Insomma anche Prodi&C. indicano come via obbligata da percorrere per la società italiana quella dell’americanizzazione non solo del mercato del lavoro ma dell’intera esistenza dei lavoratori. Ciò risulta evidente dal recente pacchetto di liberalizzazioni. Esso promuove, infatti, a piccoli passi, la prospettiva di una società low cost con l’ulteriore accentramento dei consumi intorno agli iper-mercati, la liberalizzazione degli orari, e una certa riduzione di costo dei servizi e delle merci disponibili per la massa della popolazione. E’ la società di Wal-Mart, di Ikea, di Ryanair, di Google che si espande ben al di là dei confini di queste imprese-guida, e che viene presentata come la sola risposta possibile dell’economia di mercato alla "fine dell’era delle aspettative crescenti". I benzinai debbono scomparire, ha scritto Turani su la Repubblica, come sono scomparsi nelle nazioni più avanzate. E una decimazione dovrà esserci anche per la marea dei commercianti al dettaglio, i giornalai, i tassisti indipendenti, l’elenco è lungo, ed in tutti questi casi si prospetta al lavoratore-consumatore un risparmio di spesa e di tempo. Bersani offre ai giovani più intraprendenti e qualificati questo processo di liberalizzazione-semplificazione dei servizi come una buona opportunità per emergere. Per emergere in una competizione sul mercato sempre più sregolata e al ribasso che, attraverso un’iniziale deregulation, deve implementare il processo di concentrazione del capitale anche in questi ambiti.

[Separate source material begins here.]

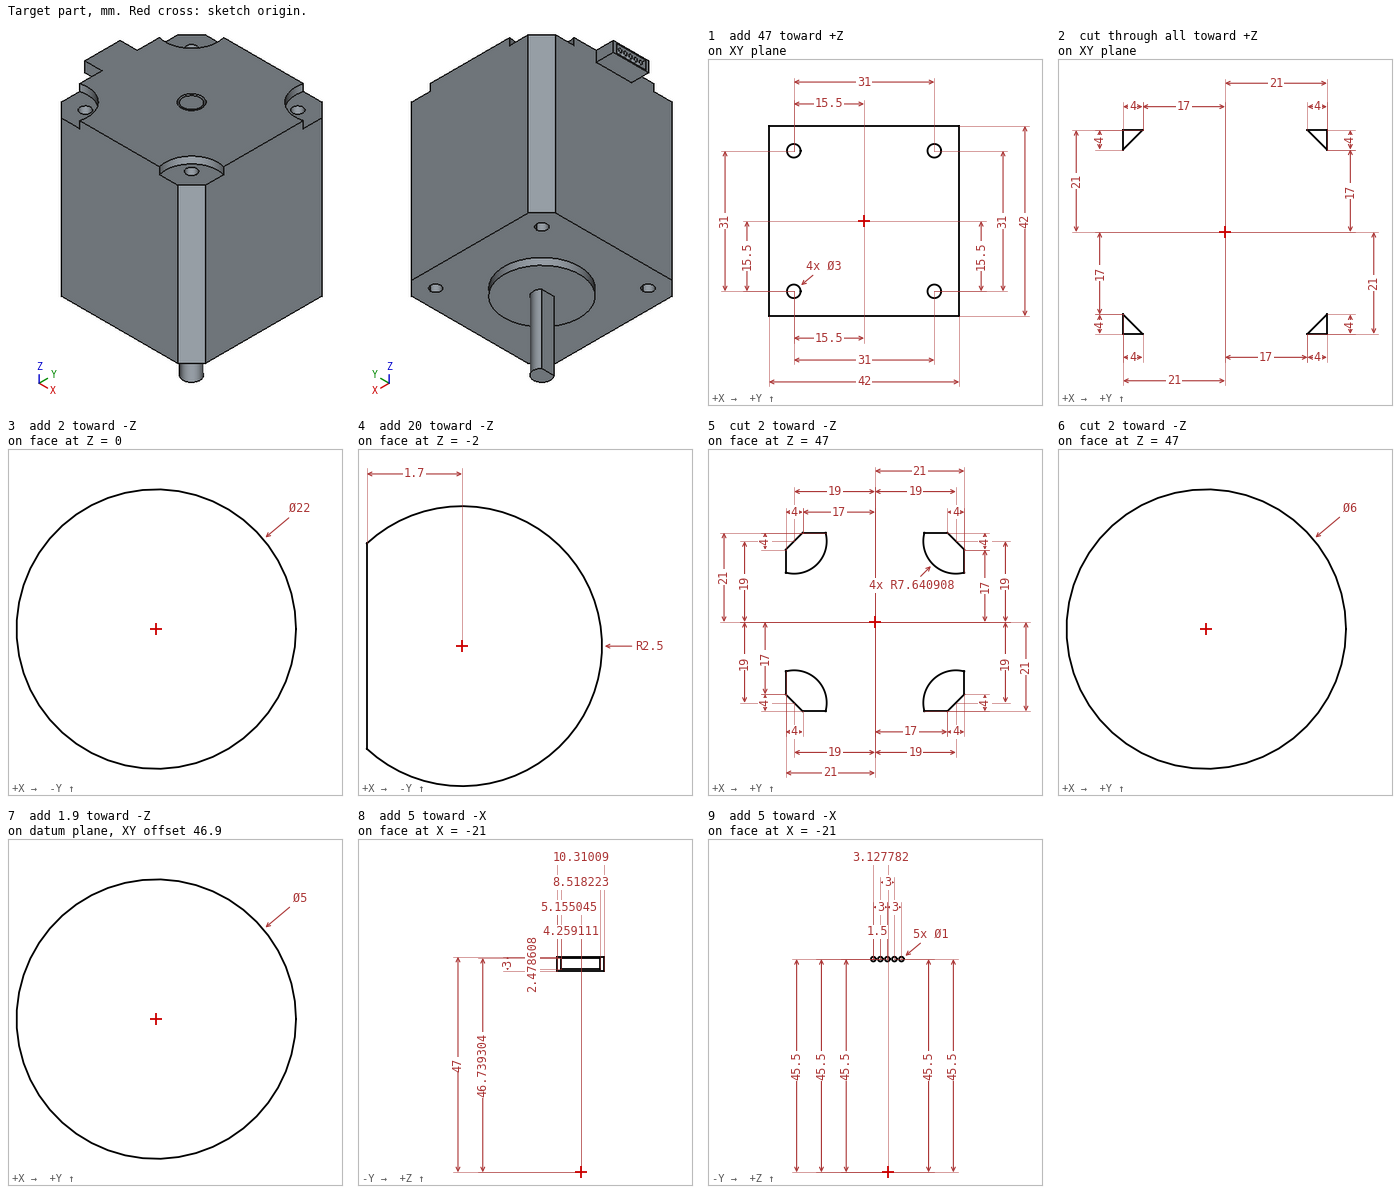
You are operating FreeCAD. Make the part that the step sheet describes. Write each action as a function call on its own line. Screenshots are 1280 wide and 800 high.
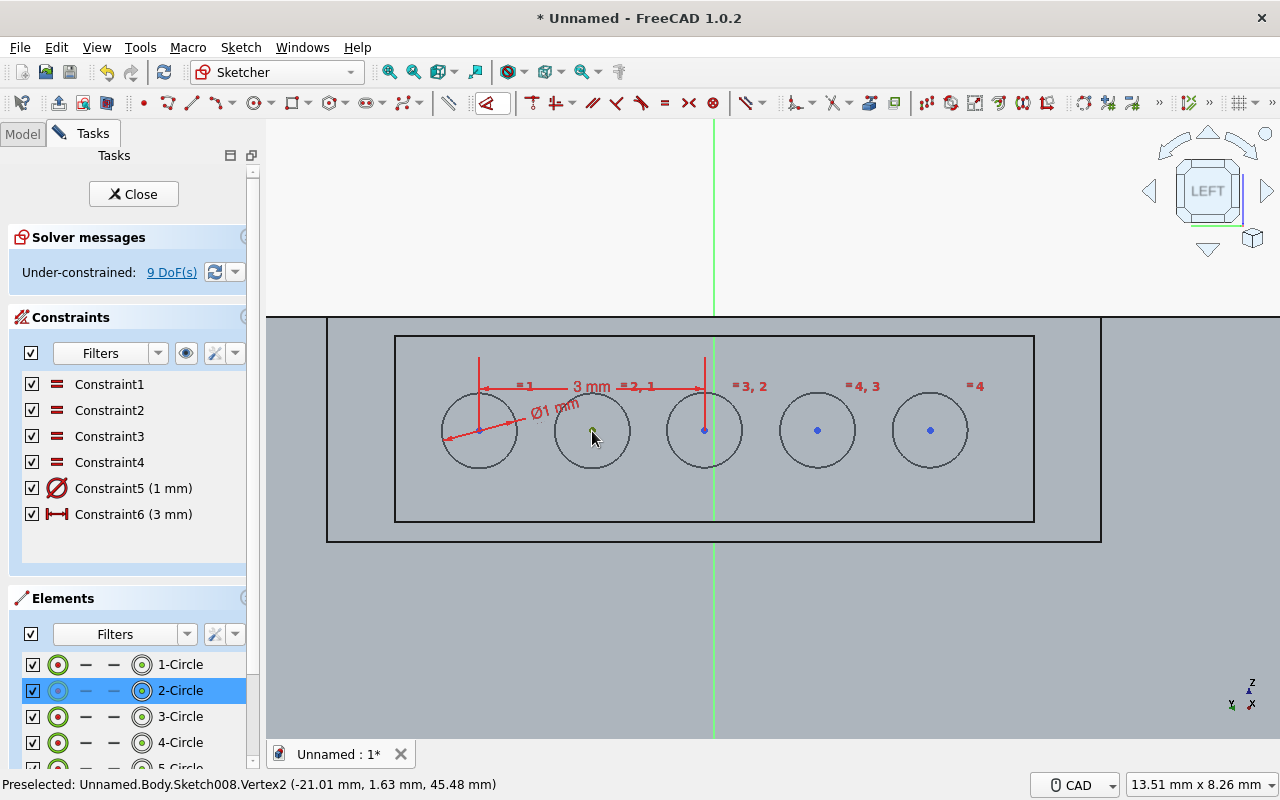
click(818, 430)

Il puzzle delle misure di liberalizzazione fin qui prese dal governo Prodi può anche sembrare incoerente. Ma dietro queste misure c’è una logica di insieme perfettamente capitalistica, che punta alla riduzione dei costi di circolazione delle merci e alla riduzione dei costi di riproduzione della forza-lavoro come su due leve utili alla riduzione ulteriore dei costi di produzione. E riduzione dei costi di produzione significa in primo luogo riduzione del valore, del costo, della remunerazione della forza-lavoro. L’amputazione delle classi intermedie serve, poi, anche a gonfiare di eccedenze il mercato del lavoro salariato con una nuova forza di lavoro impaurita e declassata da mettere in concorrenza, una concorrenza al ribasso va da sé, con i salariati "di tradizione". Il paese ch’è andato più lontano su questa via, gli Stati Uniti (dove il lavoro "autonomo" tocca a stento il 10%, mentre in Italia è ancora superiore al 25%), è il paese in cui i salari hanno perso in trenta anni ogni anno circa l’1% del loro potere di acquisto.

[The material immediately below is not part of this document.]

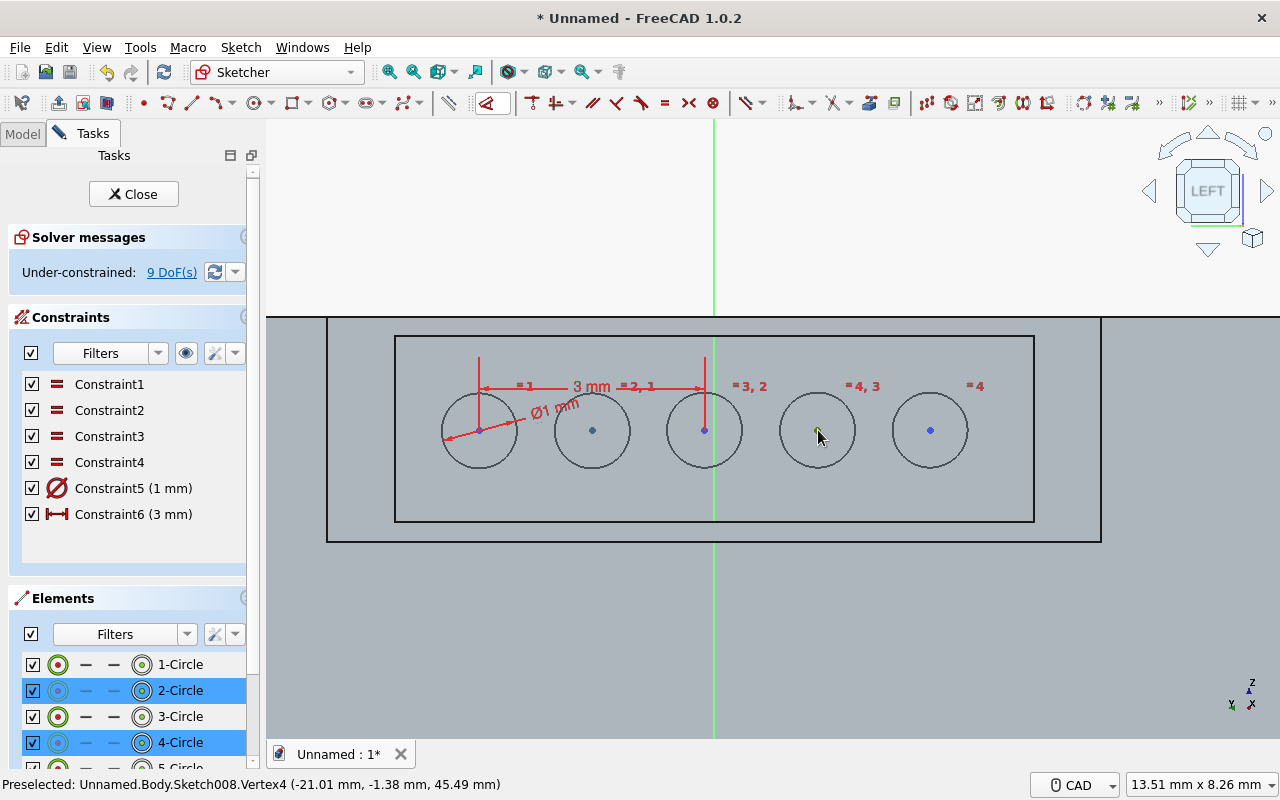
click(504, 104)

Il processo delle liberalizzazioni è anzitutto e soprattutto un corso di di liberalizzazione dello sfruttamento e dell’auto-sfruttamento, a misura che gli stessi piccoli esercenti e piccoli produttori di servizi sono costretti, per sopravvivere, ad estendere i propri orari di lavoro, a moltiplicare le proprie mansioni, ad offrire sconti e, naturalmente, a spremere fino al midollo (se ne hanno) i propri dipendenti. Questo, sebbene il centro-sinistra abbia in mente di avanzare con gradualità, attuando una sorta di americanizzazione temperata, con compensazioni per i colpiti e con qualche "protezione" per i più "deboli", in linea con una sorta di solidarietà compassionevole di cattoliche radici – eccolo in breve il programma del Partito democratico in costruzione. E’ questa "moderazione" che non piace agli ambienti confindustriali.

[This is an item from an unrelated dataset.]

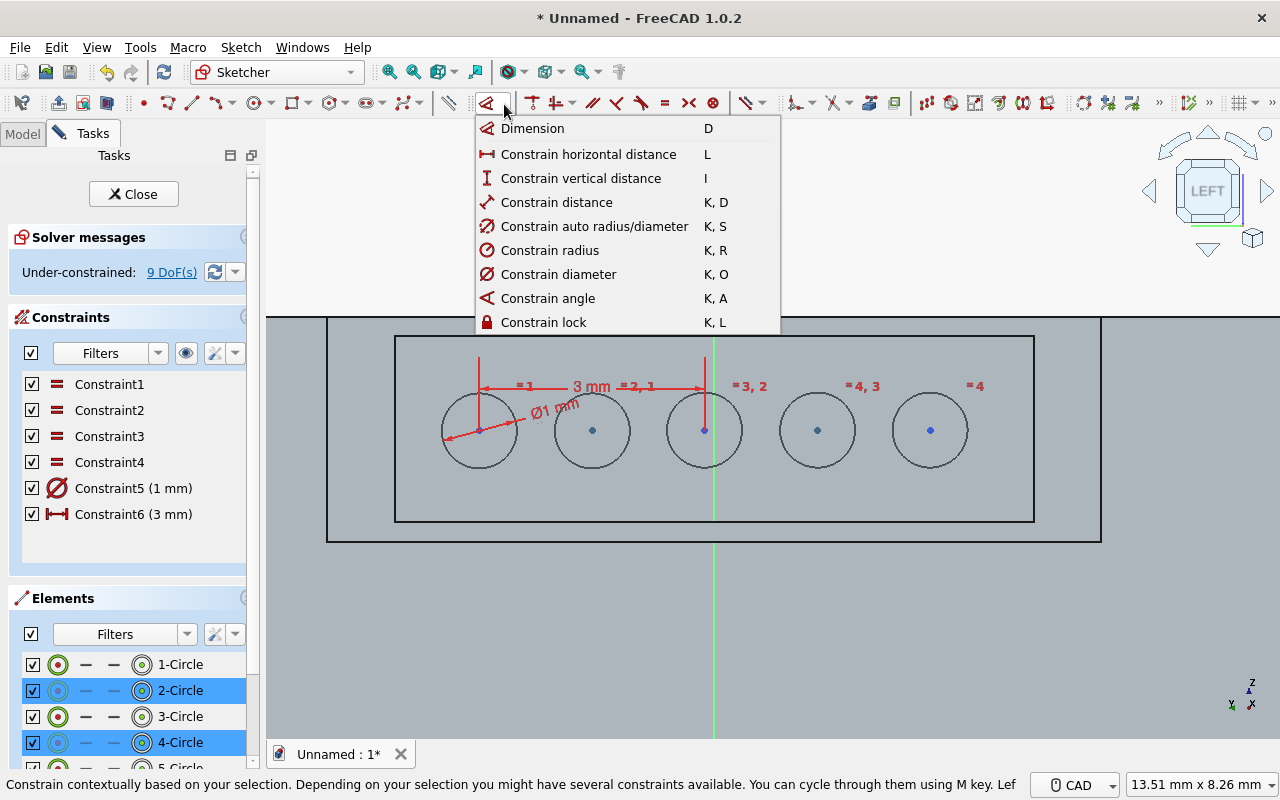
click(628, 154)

Il secondo motivo per cui la proposta prodiana è tremendamente dannosa per i salariati è che essa li spinge, spinge anzitutto gli operai, ad intrupparsi dietro i propri sfruttatori, ed a contrapporsi in modo suiocietà che in questo processo di americanizzazione, di polarizzazione sociale, è destinata ad essere scalzata dalle proprie attuali posizioni e in molti casi precipitata in un vero e proprio processo di proletarizzazione, formale e/o reale. Sappiamo bene che per un intero secolo nei paesi ricchi, l’Italia tra essi, le mezze classi accumulative e il personale statale sono stati il più sicuro presidio sociale dell’ordine capitalistico contro la classe operaia e il movimento proletario, l’inesausta riserva dell’anti-comunismo. E tuttavia la grande svolta che l’avvento della reaganomics prima e della low cost society poi hanno segnato, porta con sé la messa sotto pressione, insieme ai salari, anche dei redditi da piccolo lavoro autonomo e della massa degli stipendi (inclusi quelli del personale tecnico qualificato, coinvolto ormai amch’esso in un mercato del lavoro mondializzato). E con ciò sta producendo un vero e proprio sfarinamento delle posizioni intermedie della "stratificazione sociale", rompendo in qualche modo i diaframmi tra questi tre settori di massa del mercato del lavoro: lavoro operaio, lavoro impiegatizio, piccolo lavoro autonomo.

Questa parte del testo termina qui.